Domestic Programs and Foreign Aid

  • Eliminate farm subsidies

Military

  • Reduce nuclear arsenal and space spending
  • Reduce military to pre-Iraq War size and further reduce troops in Asia and Europe
  • Reduce the number of troops in Iraq and Afghanistan to 60,000 by 2015

Health Care Reform

  • Enact medical malpractice reform
  • Reduce the tax break for employer-provided health insurance
  • Cap Medicare growth starting in 2013

Existing Taxes

  • Return the estate tax to Clinton-era levels
  • Return [investment tax] rates to Clinton-era levels
  • Allow [Bush tax cut] expiration for income above $250,000 a year
  • Payroll tax: Subject some incomes above $106,000 to tax

New Taxes and Tax Reform

  • Millionaire's tax on income above $1 million
  • Eliminate loopholes, reduce rates (Bowles-Simpson plan)
  • Carbon tax

The results in this case are not useful in showing how my policies of choice would affect the deficit and national debt, unfortunately.
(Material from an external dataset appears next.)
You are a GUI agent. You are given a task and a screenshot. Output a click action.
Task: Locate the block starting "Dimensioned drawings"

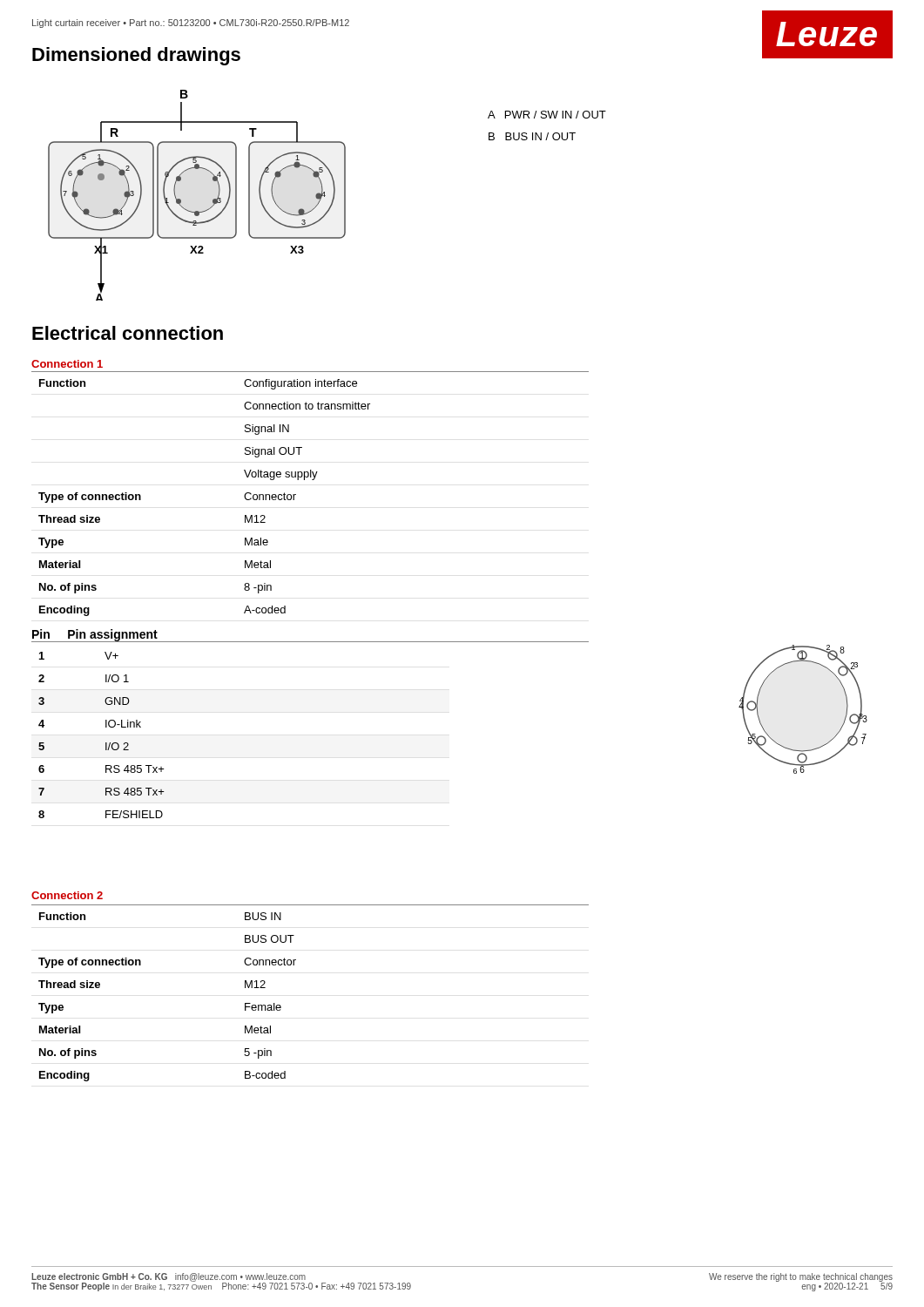pos(136,54)

There are some areas of spending I want to increase (e.g. space exploration, foreign aid, infrastructure, and state investments in the arts and sciences) while in others it is unclear whether changes would be more or less cost-effective - my best examples being across the board increases to the income tax, replacing Social Security and some means-tested programs with a basic income, and scrapping Medicare and Medicaid in favor of German-styled sickness funds. It is also unclear how my preferred replacement for the U.S. Constitution and shift toward a socialist economy would impact the sustainability of various public policies.